In [9]:
from huggingface_hub import login
from transformers import AutoTokenizer
from google.colab import userdata

In [23]:
hf_token = userdata.get('HF_TOKEN')
login(hf_token, add_to_git_credential=True)

In [24]:
microsoft_tokenizer = "microsoft/Phi-3-mini-4k-instruct"
qwen_tokenizer = "Qwen/Qwen3-0.6B"
starcoder_tokenizer = "bigcode/starcoder2-3b"
llama_tokenizer = "meta-llama/Llama-3.1-8B"

In [25]:
messages = [
    {'role': 'system', 'content': 'You are a helpful assistant.'},
    {'role': 'user', 'content': 'Tell a light-hearted joke related to Data Scientists.'}
]

In [None]:
tokenizer = AutoTokenizer.from_pretrained(llama_tokenizer, trust_remote_code=True)

text = "I am excited to show tokenizer in action. Let's start."
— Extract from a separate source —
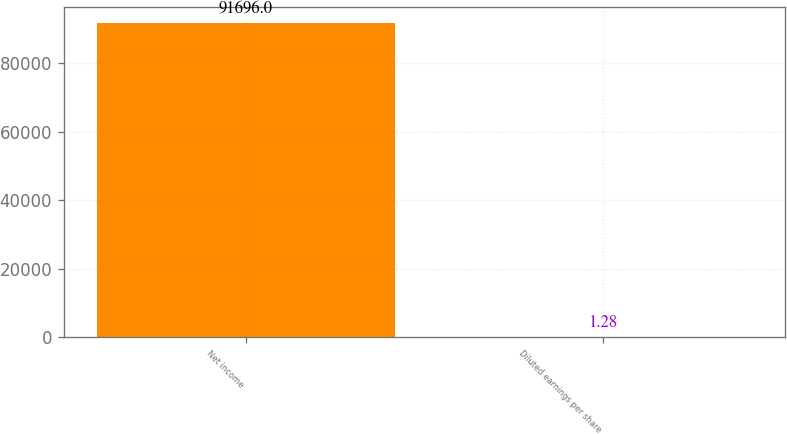Convert chart. <chart><loc_0><loc_0><loc_500><loc_500><bar_chart><fcel>Net income<fcel>Diluted earnings per share<nl><fcel>91696<fcel>1.28<nl></chart>

tokens = tokenizer.encode(text)

print(tokens)
print()

print(tokenizer.batch_decode(tokens))
print()

for token_id in tokens:
  print(f"{token_id} = {tokenizer.decode(token_id)}")

print()

prompt = tokenizer.apply_chat_template(messages, tokenize=False, add_generation_prompt=True)
print(prompt)

In [26]:
tokenizer = AutoTokenizer.from_pretrained(starcoder_tokenizer)

code = """
def hello_world():
    print("Hello, world!")
"""

tokens = tokenizer.encode(code)

print(tokens)
print()

print(tokenizer.batch_decode(tokens))
print()

for token_id in tokens:
  print(f"{token_id} = {tokenizer.decode(token_id)}")

[222, 610, 17966, 100, 5879, 2284, 303, 1489, 459, 8302, 49, 5810, 16013, 222]
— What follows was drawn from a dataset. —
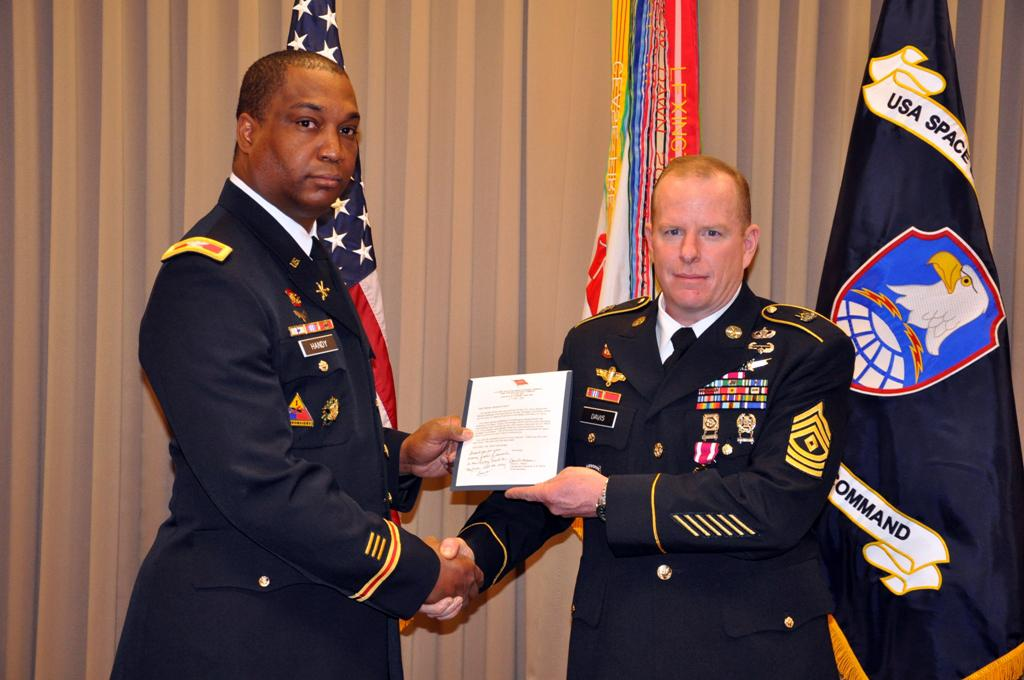<image>
Write a terse but informative summary of the picture. Two men holding a piece of paper, the words USA space are visible in the background.

['\n', 'def', ' hello', '_', 'world', '():', '\n   ', ' print', '("', 'Hello', ',', ' world', '!")', '\n']

222 = 

610 = def
17966 =  hello
100 = _
5879 = world
2284 = ():
303 = 
   
1489 =  print
459 = ("
8302 = Hello
49 = ,
5810 =  world
16013 = !")
222 = 



In [27]:
tokenizer = AutoTokenizer.from_pretrained(qwen_tokenizer, trust_remote_code=True)

text = "I am excited to show tokenizer in action. Let's start."

tokens = tokenizer.encode(text)

print(tokens)
print()

print(tokenizer.decode(tokens))
print()


print(tokenizer.batch_decode(tokens))
print()

for token_id in tokens:
  print(f"{token_id} = {tokenizer.decode(token_id)}")

print()

prompt = tokenizer.apply_chat_template(messages, tokenize=False, add_generation_prompt=True)
print(prompt)

[40, 1079, 12035, 311, 1473, 45958, 304, 1917, 13, 6771, 594, 1191, 13]

I am excited to show tokenizer in action. Let's start.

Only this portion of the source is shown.